**Directions**.
Exclude the pictures, then repeat exactly each line from the one containing "You are a computer-use" to the final line of the records that follow.

**Material for this task**.
=====

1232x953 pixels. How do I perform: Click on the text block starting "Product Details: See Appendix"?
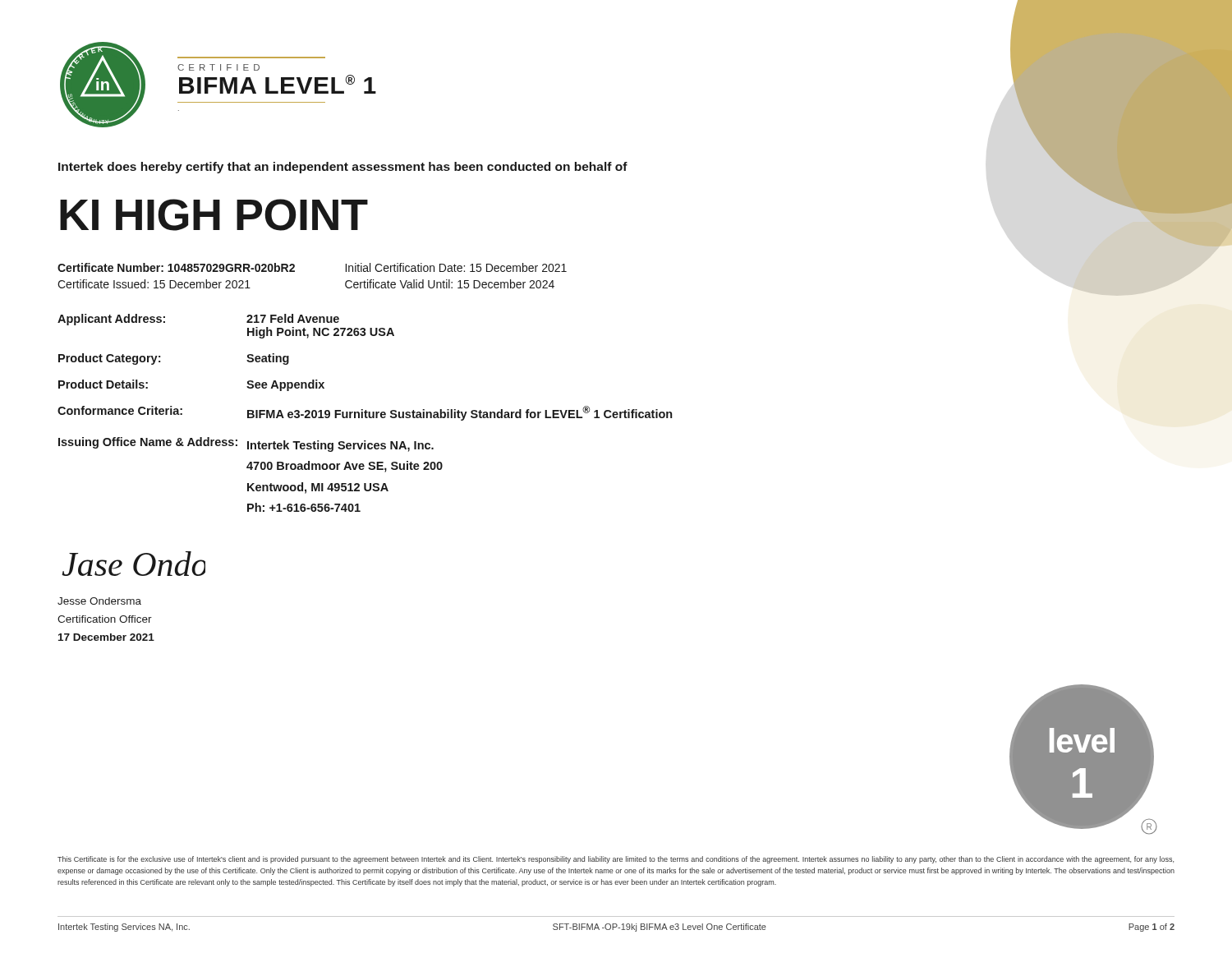pyautogui.click(x=97, y=384)
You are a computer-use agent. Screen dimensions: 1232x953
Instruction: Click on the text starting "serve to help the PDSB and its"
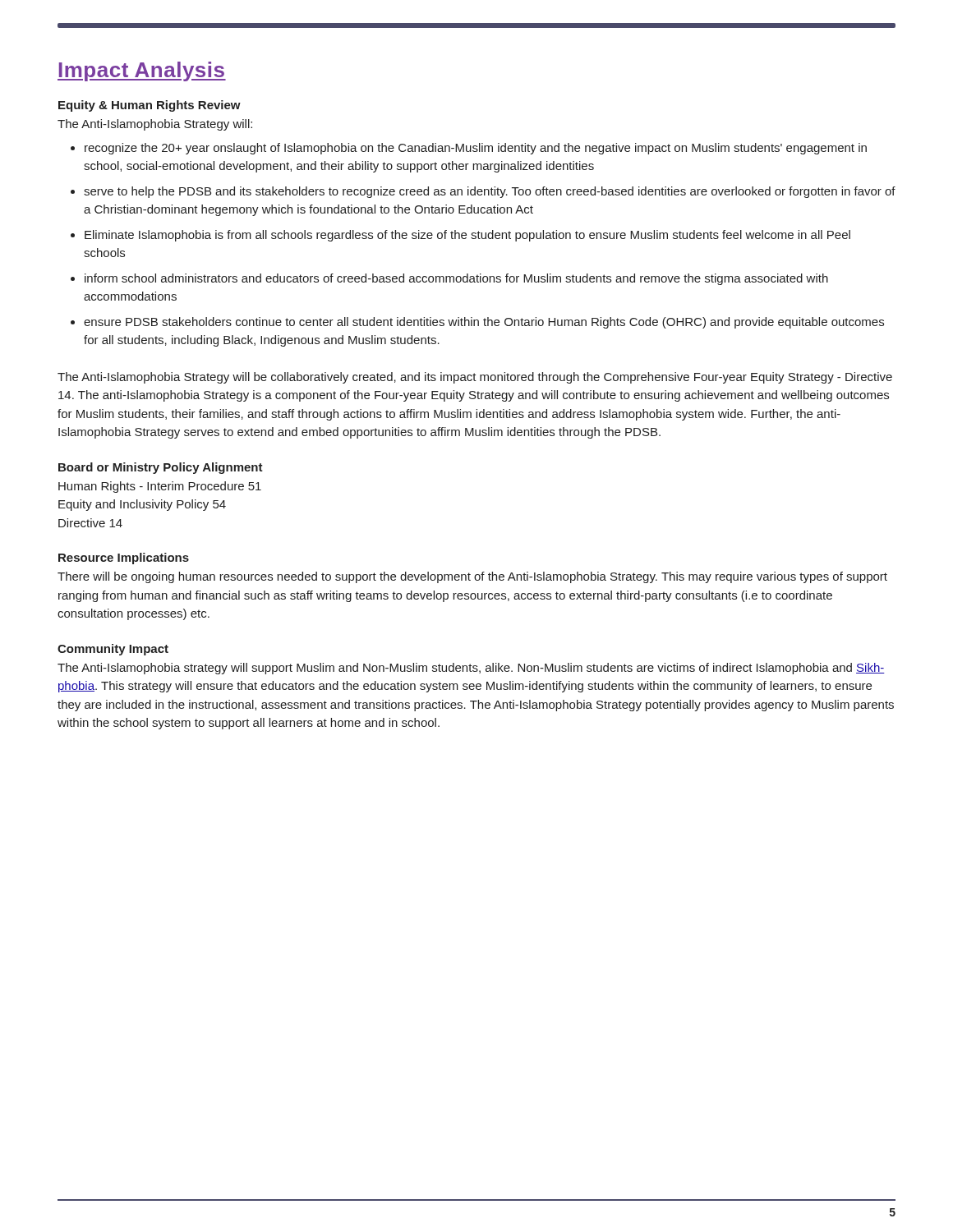pyautogui.click(x=489, y=200)
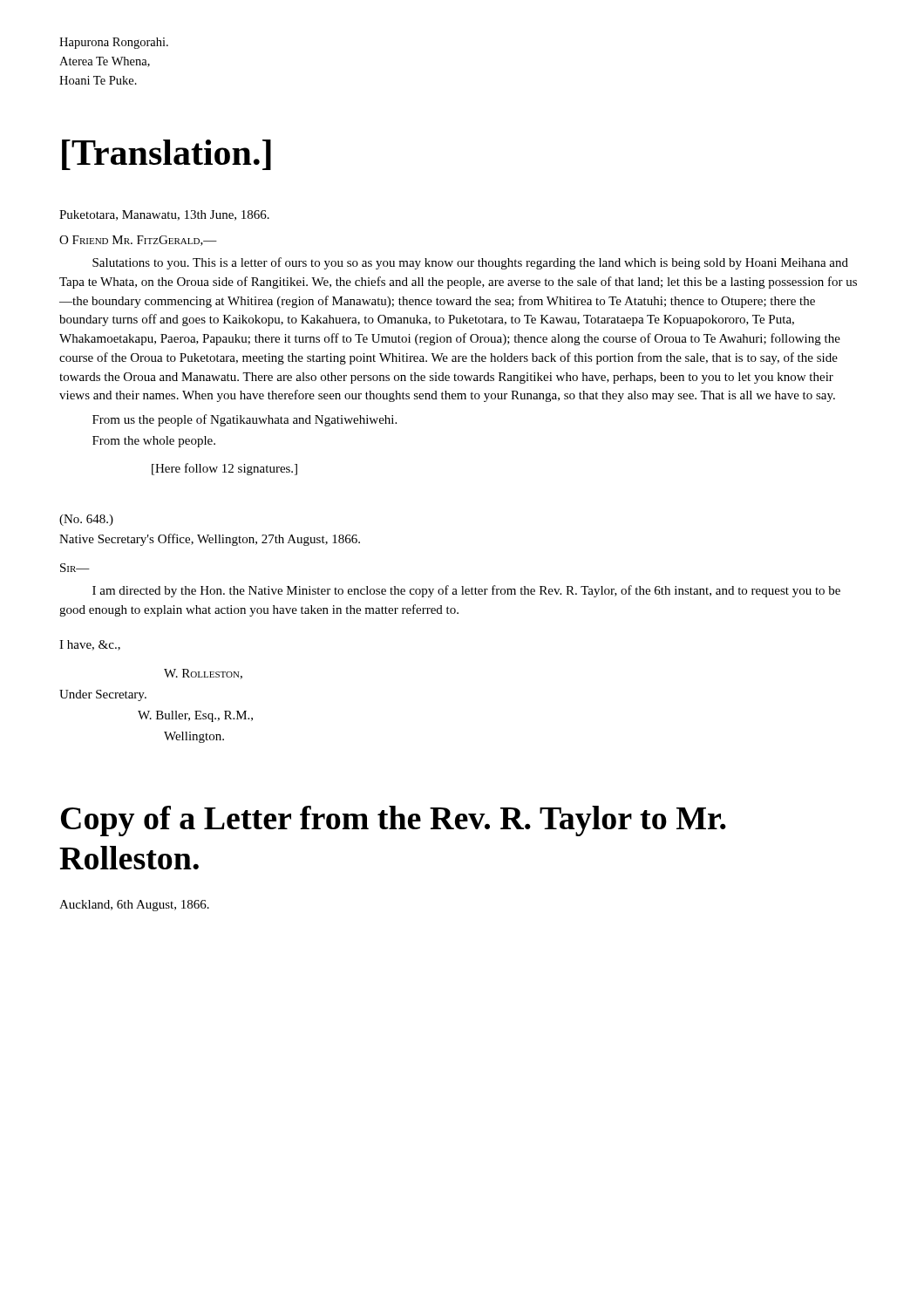Image resolution: width=924 pixels, height=1308 pixels.
Task: Click on the block starting "I am directed"
Action: (x=450, y=600)
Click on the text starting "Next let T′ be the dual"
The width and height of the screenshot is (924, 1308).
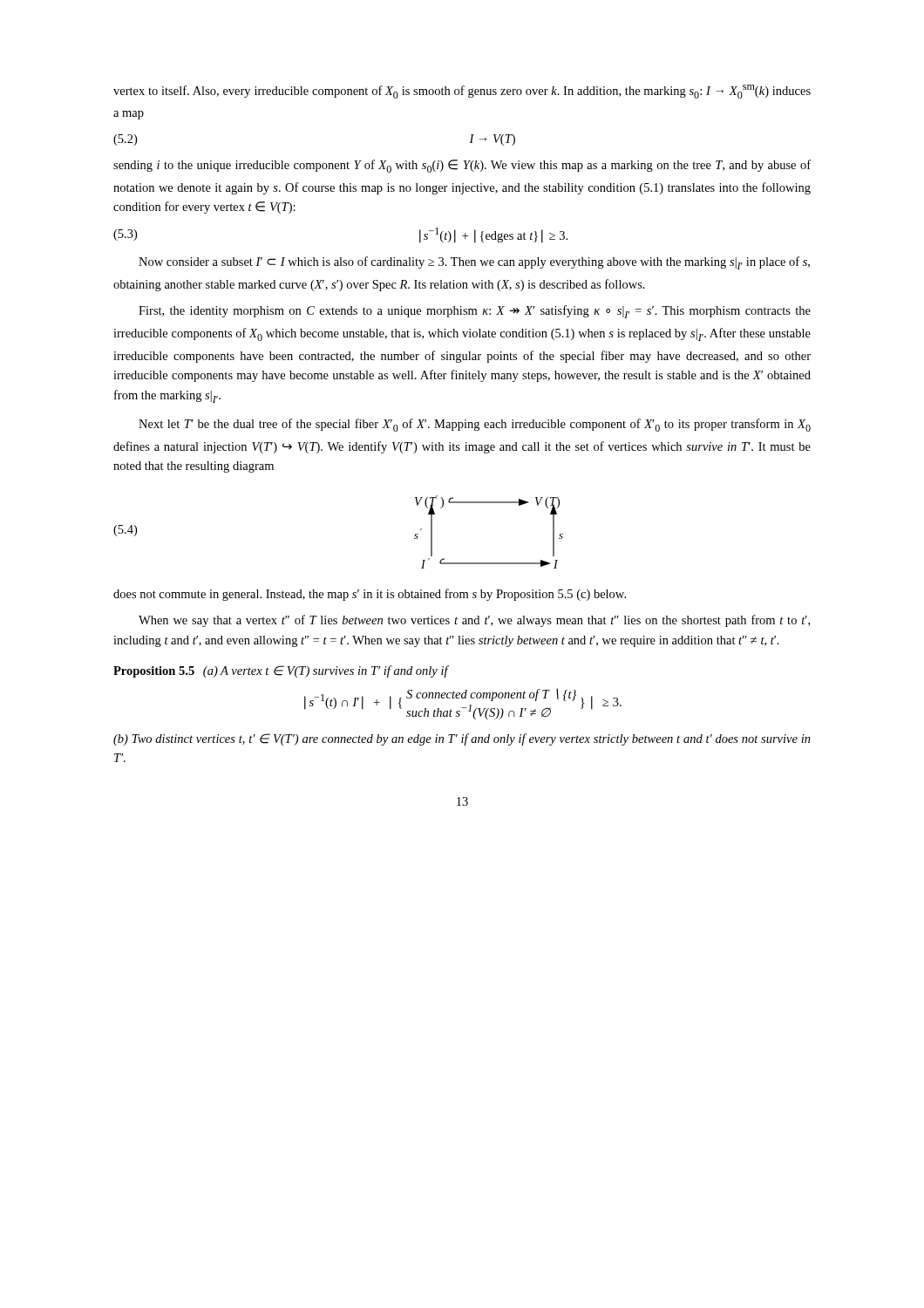click(462, 445)

=====

**Output for this task**.
You are a computer-use agent. Screen dimensions: 1232x953
Instruction: Click on the text starting "serve to help the PDSB and its"
pyautogui.click(x=489, y=200)
Image resolution: width=924 pixels, height=1308 pixels.
Task: Click on the block starting "I am directed"
Action: (x=450, y=600)
Click on the text starting "Next let T′ be the dual"
The width and height of the screenshot is (924, 1308).
click(462, 445)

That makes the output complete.